The twentieth century was not kind to the great English country house. After flourishing for generations and (in some cases) hundreds of years, many such houses fell prey to two world wars, a economic depression, death duties, development, and a permanent cultural changes. Interest in British heritage sites fell, to be replaced with a post-war desire for the new and modern. The once-beautiful and imposing country seats became faded white elephants that were impossible to staff and maintain. Shuttered and empty, many became derelict, were burned by arsonists, or simply were torn down.
Winterthur Museum to share the story of his family's country house, and a bit of his own life, too. St. Giles House is both a legacy and a sizable responsibility, neither of which Lord Shaftesbury, as the younger son, expected to be his. After finishing his education, he followed his passion for music and relocated to New York, where he found success as a d.j. But a double tragedy changed everything: within a six-month span in 2005, his father was murdered (by his father's estranged wife and her brother), and his older brother died of a heart attack. At twenty-six, he was suddenly the 12th Earl of Shaftesbury, a title that dates back to the 17th century.
Along with the earldom came St. Giles House and the surrounding 5,500 acre estate. The land had been in the family for over 400 years. The present house replaced an earlier manor house, and was built by the first earl beginning in 1650. Successive generations of Ashley-Coopers added on to the house and remodeled it to suit their times and tastes. The most aggressive improvements (and perhaps the least sensitive) came in the 19th c., right, when two pointed towers and outsized bay windows were added to the classically proportioned facade, and the warm red brick was covered with cement render, a damaging process that trapped water in the walls.
As with so many country houses, St. Giles began a slow decline throughout the 20th c., serving as a wartime hospital and a girl's school, each adding another layer of wear and tear. Death duties forced the gradual sale of parcels of the original 15,500 estate, reducing it by nearly two-thirds. By the time the 10th earl inherited the estate in 1961, the house itself was suffering from dry rot and an aging roof, and had become impractical for living. The earl moved his family to the dower house, and began to tackle the repair and restoration of the main house.
He began with enthusiasm, tearing down the Victorian towers and repairing the most obvious needs. But the challenges and expense of the project proved too great, and in frustration he finally abandoned it, sealing off exposed walls and leaving the house empty. Many of the original furnishings and works of art were sold to pay expenses. By the time the present earl inherited the house, lower left, the grounds were overgrown and the house had further deteriorated, and the recent deaths of his father and brother had mired the estate in further death duties.
He was faced with an obvious choice. He could sell the house and land, or he could finish the restoration that his father had begun. He decided, in his words, to "go for it."
In preparation for the financial battles the house would require, he attended the London Business School and earned a Masters in Business Administration. A serious riding accident that nearly left him paralyzed only served to increase his resolve. After marrying in 2010, he and his wife decided the best way to become truly part of the restoration was to live in St. Giles House. An architect managed to carve out a modest but livable space for them in the house, and the project began in earnest.

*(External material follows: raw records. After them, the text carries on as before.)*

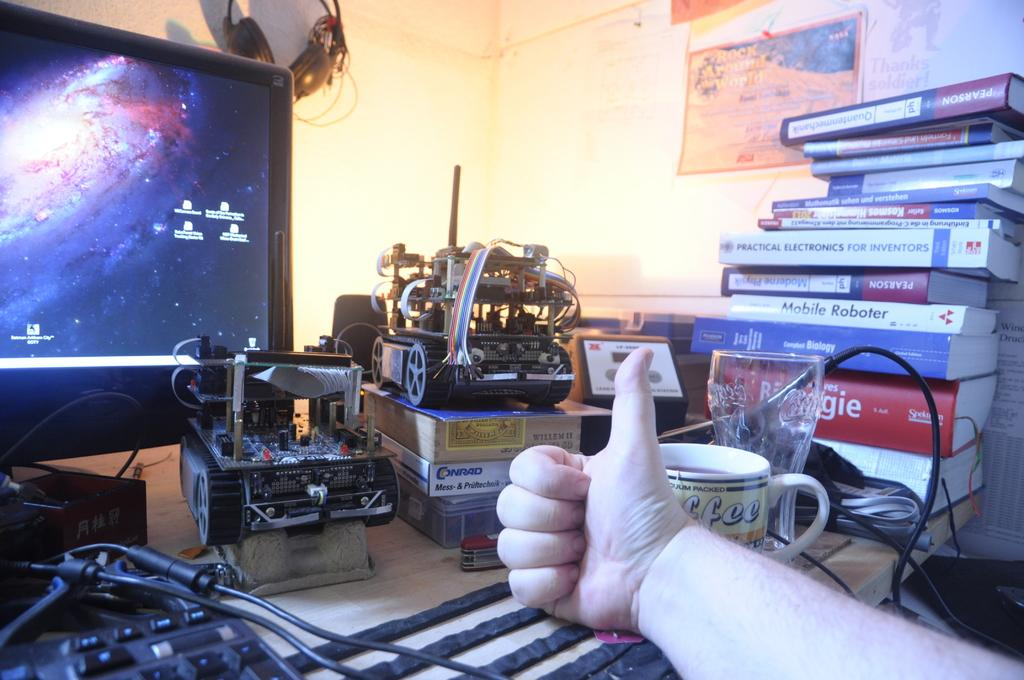<image>
Describe the image concisely. A stack of books on a desk includes Practical Electronics for Inventors. 
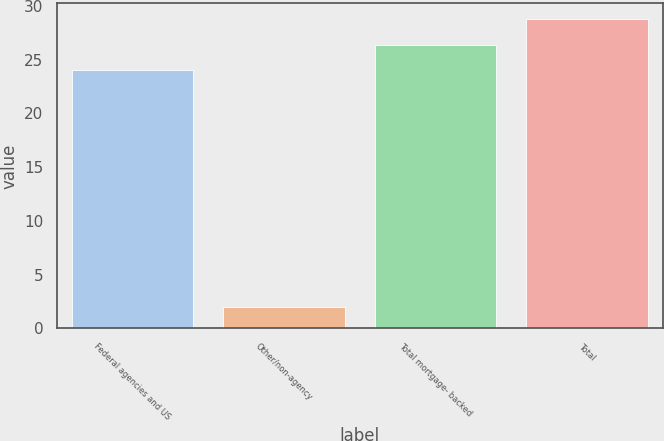<chart> <loc_0><loc_0><loc_500><loc_500><bar_chart><fcel>Federal agencies and US<fcel>Other/non-agency<fcel>Total mortgage- backed<fcel>Total<nl><fcel>24<fcel>2<fcel>26.4<fcel>28.8<nl></chart> 
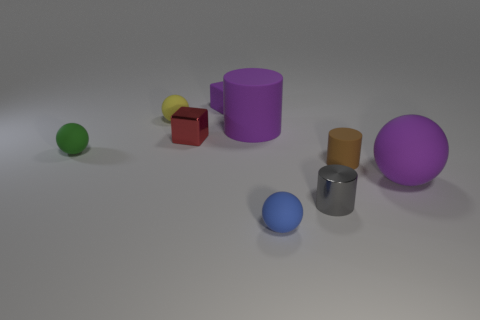How many rubber objects are blue objects or tiny cubes?
Your answer should be compact. 2. Are there any blue cubes of the same size as the purple rubber cube?
Your response must be concise. No. Is the number of tiny red metallic things in front of the gray metallic object greater than the number of tiny rubber spheres?
Offer a terse response. No. What number of big objects are either metal things or red metal things?
Your answer should be very brief. 0. How many tiny purple things have the same shape as the small brown thing?
Your answer should be compact. 0. There is a big purple object that is in front of the rubber cylinder in front of the green thing; what is its material?
Make the answer very short. Rubber. There is a metallic thing behind the purple ball; how big is it?
Your response must be concise. Small. How many purple objects are large things or matte objects?
Your response must be concise. 3. Are there any other things that are made of the same material as the tiny red cube?
Give a very brief answer. Yes. What is the material of the big object that is the same shape as the tiny yellow rubber thing?
Your answer should be compact. Rubber.

With funding from extensive loans and grants secured, a team of master craftspeople and artisans, construction specialists, architects, and historians worked first to stabilize the house, and then to restore the first floor rooms one by one. The library was the first room finished; in a major triumph, the first earl's books were discovered in long-ago storage, and returned to the newly restored shelves. Carved woodwork was reclaimed, elaborate plasterwork repaired, and custom woven silk damask hung on the walls. It's a painstaking, on-going process, and while the principal rooms are finished, the second floor of the house remains to be done, as well as other, smaller buildings on the grounds.
Working with Natural England, plans were also undertaken to restore the neglected grounds around the house. The goal is to return to the 18th c. parkland, including serpentine lakes and streams, grottoes, and follies, and to recreate the landscape in a way that's both beautiful and welcoming.
At the same time, the estate began to support itself in more modern ways. About half of the land is now commercially farmed. Systems to heat and cool the house are supplied through renewable energy solutions and other new technology, including solar panels and water source heat pumps from the estate's lake. There are sponsored events on the grounds as diverse as music festivals, a half-marathon, and a chili festival, as well as weddings and corporate events. The goal is not to isolate the estate, but to make the grounds and house a part of the community.
Yet for Lord Shaftesbury and his young family - which now includes a son and daughter - St. Giles House is home. While their ancestors would have maintained a sizable household, today there are no legions of footmen, parlor-maids, or gardeners. Instead there is only one "amazing" cleaner in charge of the principal rooms, one groundsman to mow the grass, and a part-time gardener.
"I want St. Giles House to be an inviting place," Lord Shaftesbury says proudly. "I want people to come here to take time out, to reflect, and to be inspired."